Using the first principle of community health education (know your audience) we, as professionals in palliative medicine, will be well served by defining and understanding our four most appropriate audiences:
- Medical and PA students, nursing students, and medical residents in all disciplines
- Physicians, PAs, and NPs in all disciplines
- The community of patients, from NICU to the oldest old, and their loved ones
- CMS, health insurers, and the financial principals with every health organization and in academe
The following comprises possible strategies for each of the defined audiences.
Medical, PA, and nursing students, and medical residents, in all disciplines:
- Construct a required one semester course in palliative medicine for all first year and third year students in the above mentioned student groups
- Construct a mandatory rotation of at least two weeks in palliative medicine for ALL medical residency programs, including radiation, anesthesiology, surgery and subspecialty surgery, emergency medicine and psychiatry. Those in family medicine and internal medicine would complete this in year one and year three. All other medical and surgical residents would complete these rotations in year one and year four.
- If Fellowship training follows Residency completion, an additional two-week rotation with the palliative medicine team would be recommended for all Fellows, including those in infectious disease, allergy & immunology, and dermatology, to broaden their perspectives. The goal is to encourage least harm in the most vulnerable populations and creation of well-defined goals of care driven by patient wishes, first and foremost for every physician.

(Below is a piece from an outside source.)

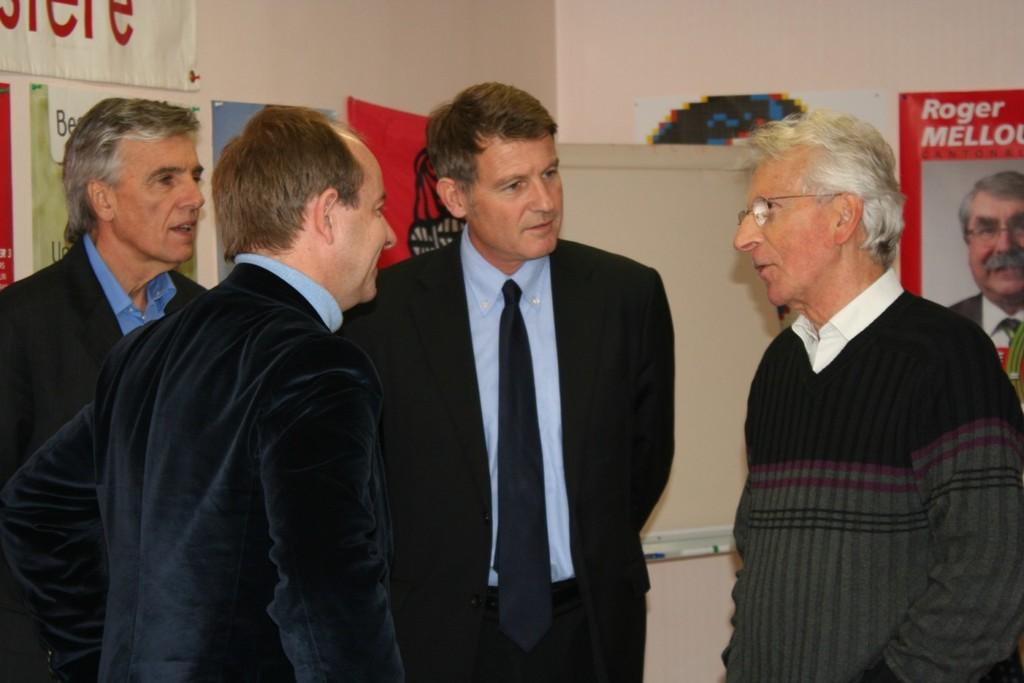How many men are present in the image? There are four men in the image. What are the men wearing that might provide warmth? Three of the men are wearing coats. Can you describe any accessories worn by the men? One of the men is wearing spectacles. What can be seen on the wall in the background of the image? There are posters on the wall in the background. What type of jellyfish can be seen hanging from the ceiling in the image? There are no jellyfish present in the image; it features four men and posters on the wall. Can you hear any bells ringing in the image? There is no auditory information provided in the image, so it is impossible to determine if any bells are ringing. 
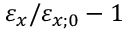<formula> <loc_0><loc_0><loc_500><loc_500>\varepsilon _ { x } / \varepsilon _ { x ; 0 } - 1</formula>

Physicians, PAs and NPs in all disciplines:
- Provide essential conceptual and conversational tools for all healthcare personnel and administrators to increase understanding of the role and timing of palliative care
- Every national board exam and ongoing CME cycle for all physicians and PAs and regularly required CEUs for NPs, would include a percentage of test questions about palliative medicine, hospice care and best practices.
Patients, families, payers, and academics:
- Encourage and facilitate community health discussions about what palliative care is, how it differs from hospice and how it benefits patients and families from birth to death.
Putting Patients and Families First
These ideas are not meant as abstractions; rather, they are intended to drive forward discussions that challenge the last century misconception that palliative care is depressing for those of us who operate under its guidance and wisdom.
In the 21st century, our charge as palliative care providers is to be bold in the pursuit of a strategy that says less is more: more compassionate, more life affirming, more cost effective and more patient-centered.
About the author:
Martie Lynch, PA, received her Master of Science in Physician Assistant Studies from Stanford University School of Medicine. She has worked as a PA for more than 20 years with practice experience in diverse areas including oncology, geriatrics, abdominal organ transplant, disaster medicine, academics, hospice and palliative medicine.